▶ _PROBLEM DETAILS_
Read the material below and tally how many lines hold the word "encloses", giving the number and nothing else.

▶ _RAW DATA_
------------------------------------------------------------

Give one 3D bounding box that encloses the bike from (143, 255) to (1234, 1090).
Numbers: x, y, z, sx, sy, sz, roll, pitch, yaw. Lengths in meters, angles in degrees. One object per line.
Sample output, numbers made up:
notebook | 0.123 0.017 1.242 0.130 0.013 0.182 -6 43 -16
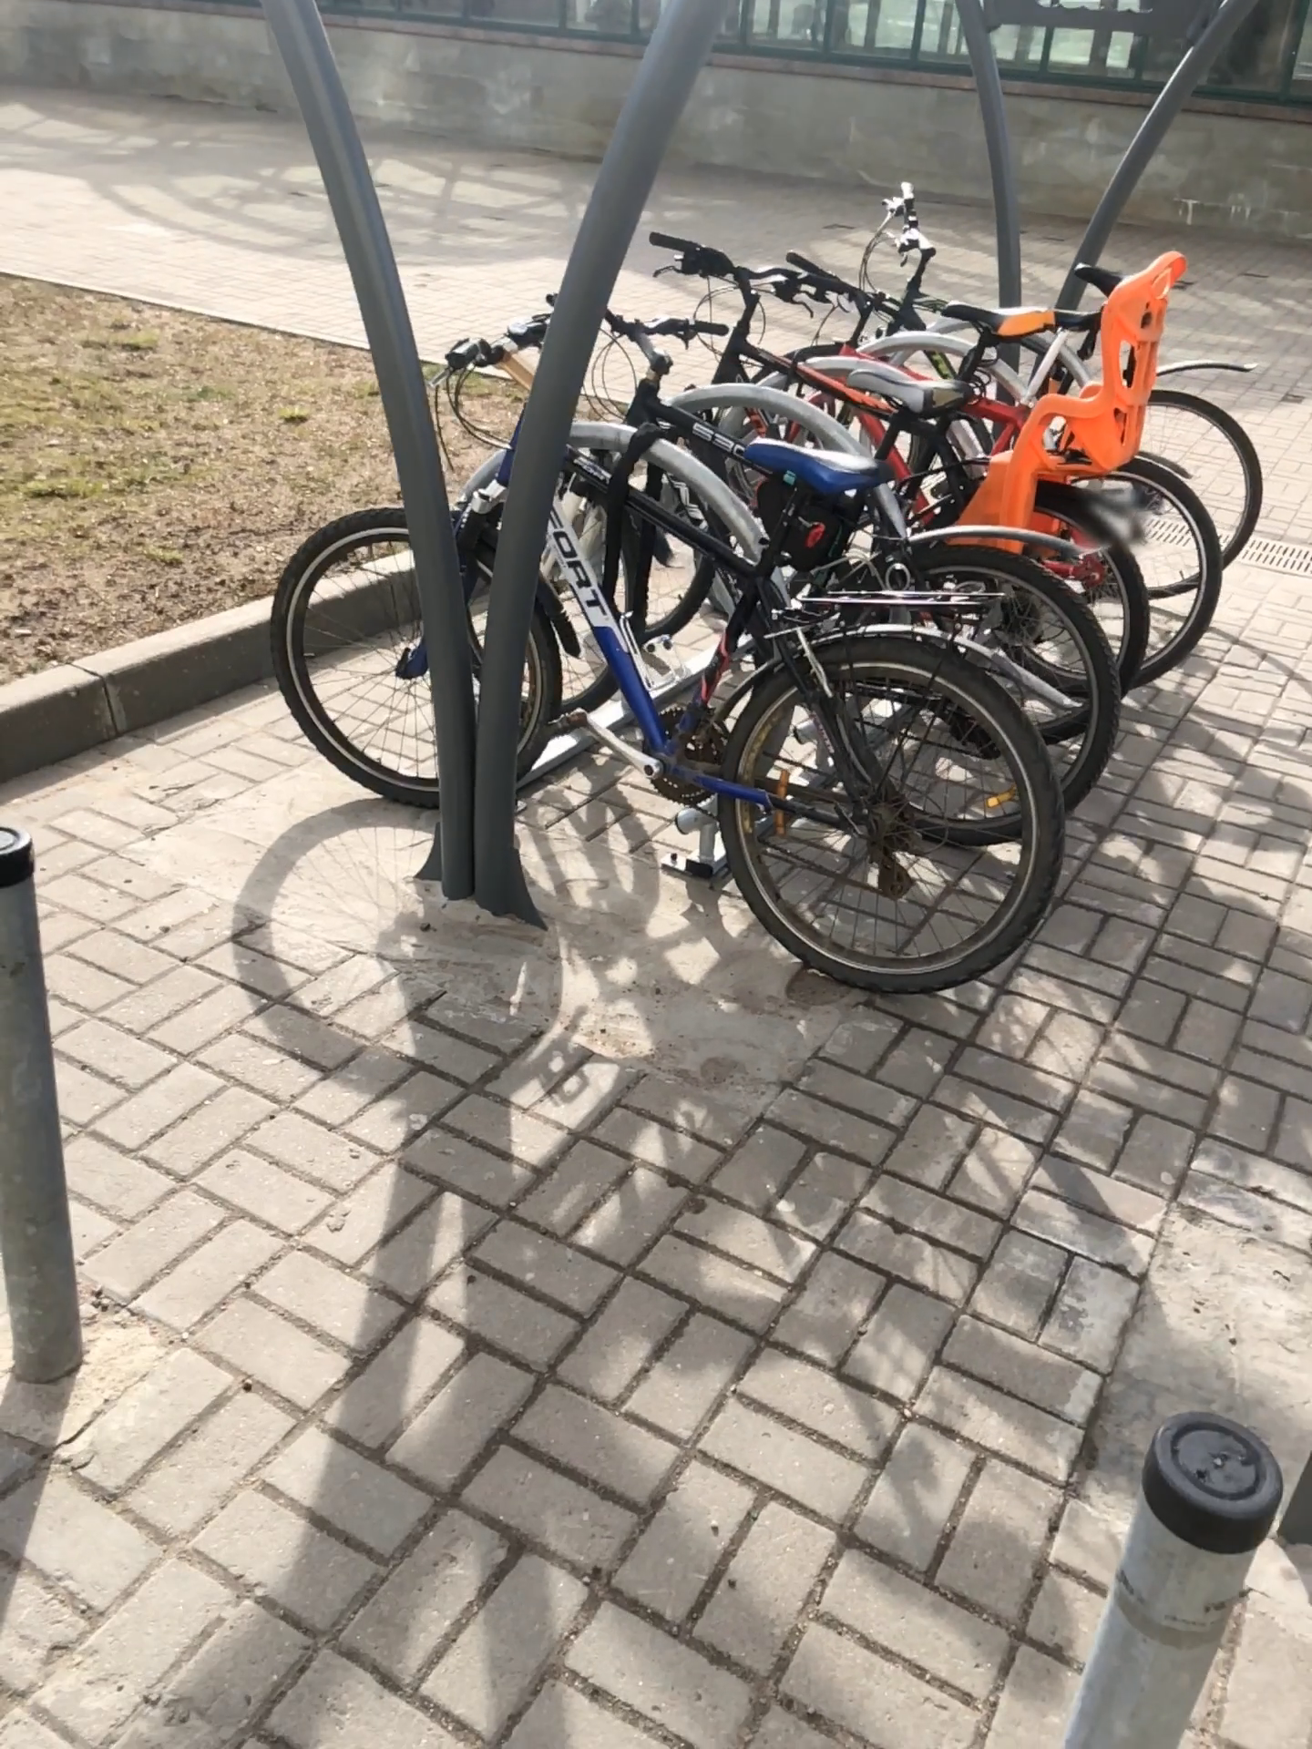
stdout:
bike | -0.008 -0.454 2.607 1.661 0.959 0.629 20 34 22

------------------------------------------------------------

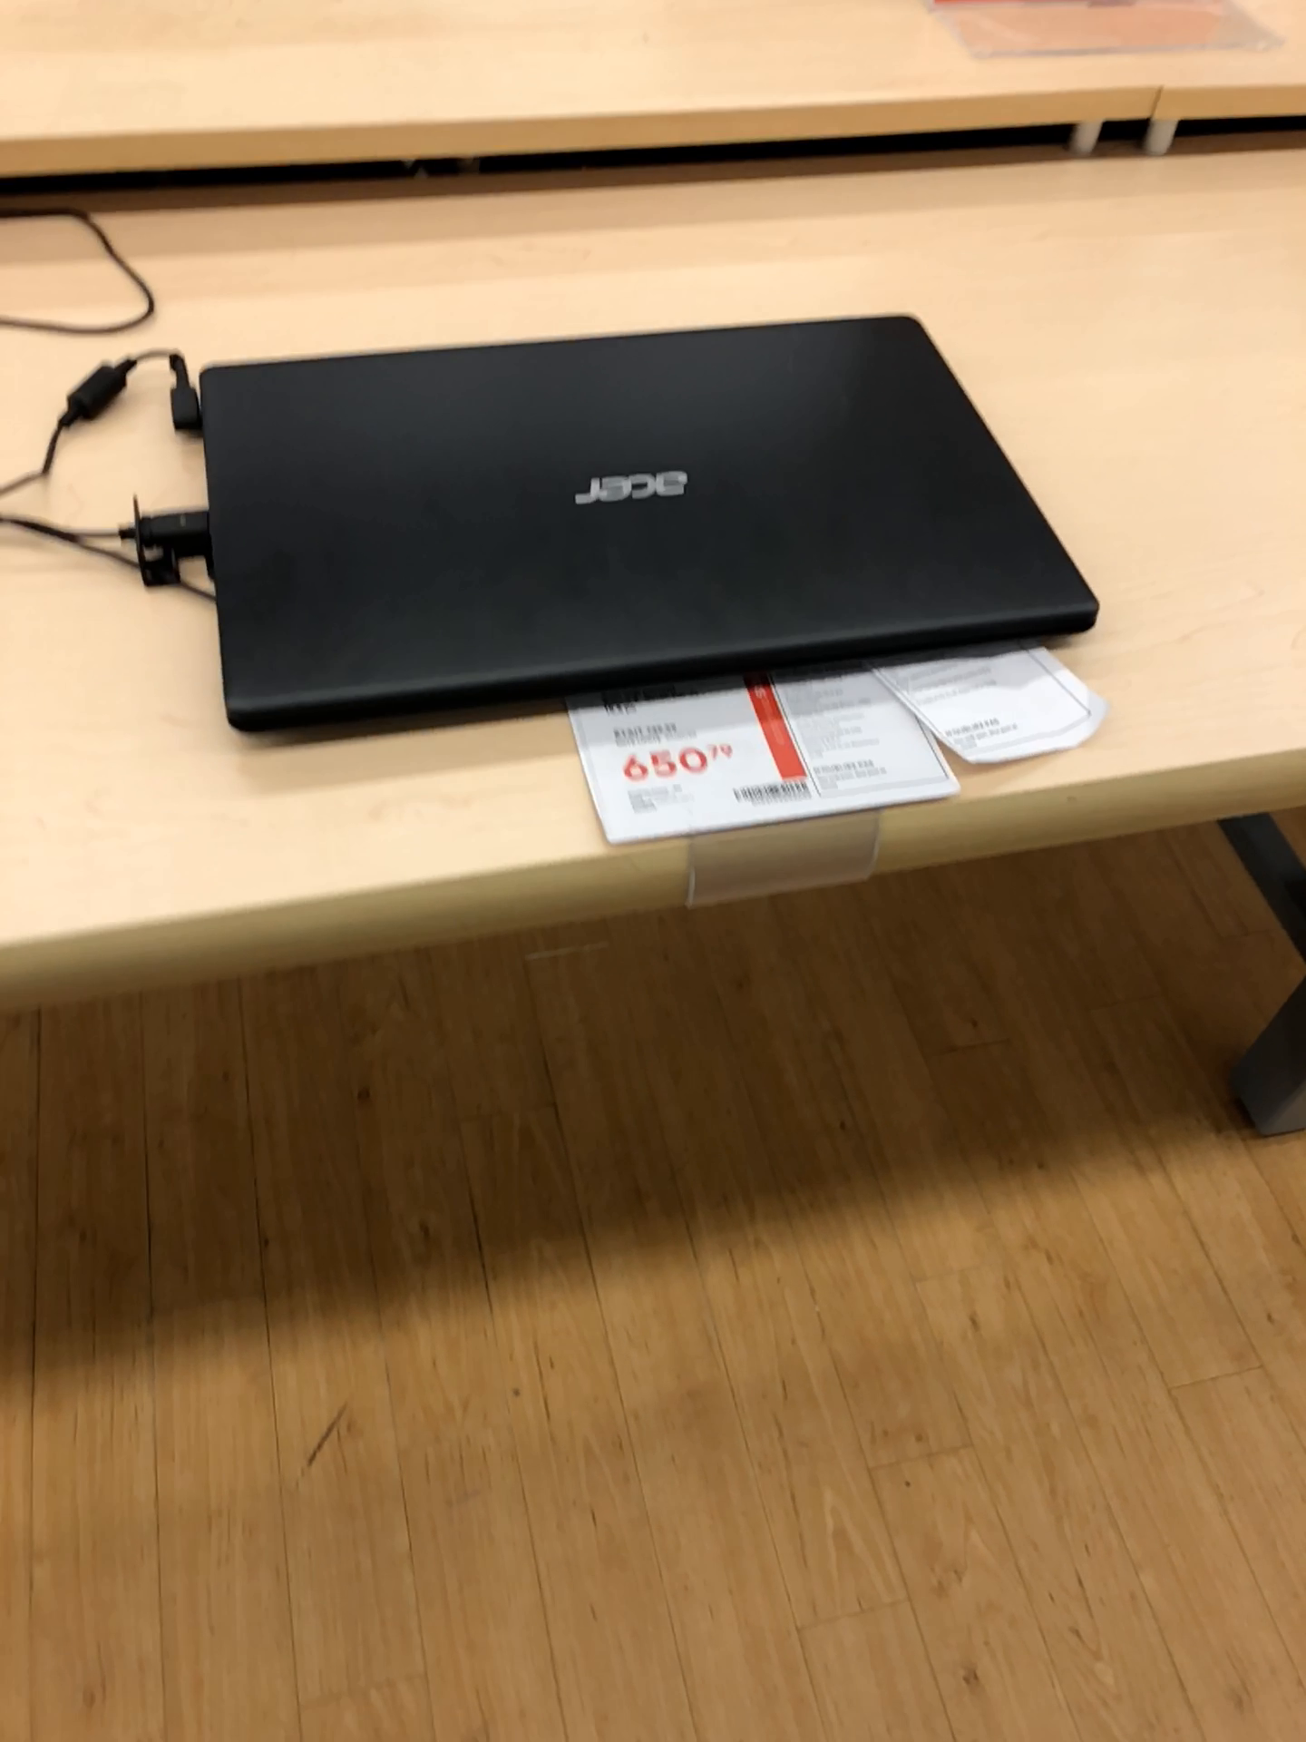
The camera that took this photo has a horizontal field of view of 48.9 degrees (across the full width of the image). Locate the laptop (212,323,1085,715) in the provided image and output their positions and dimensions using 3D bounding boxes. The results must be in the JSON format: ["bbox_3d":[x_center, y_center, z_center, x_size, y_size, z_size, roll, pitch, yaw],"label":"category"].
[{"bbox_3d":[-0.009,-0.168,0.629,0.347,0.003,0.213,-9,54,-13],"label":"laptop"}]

------------------------------------------------------------

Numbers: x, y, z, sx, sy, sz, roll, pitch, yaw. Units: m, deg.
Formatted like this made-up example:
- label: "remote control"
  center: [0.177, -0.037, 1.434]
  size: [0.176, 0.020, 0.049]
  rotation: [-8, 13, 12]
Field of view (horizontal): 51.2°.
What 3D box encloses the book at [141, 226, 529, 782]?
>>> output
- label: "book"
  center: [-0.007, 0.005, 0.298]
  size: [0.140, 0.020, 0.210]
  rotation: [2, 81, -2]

------------------------------------------------------------

▶ _EXERCISE ANSWER_
2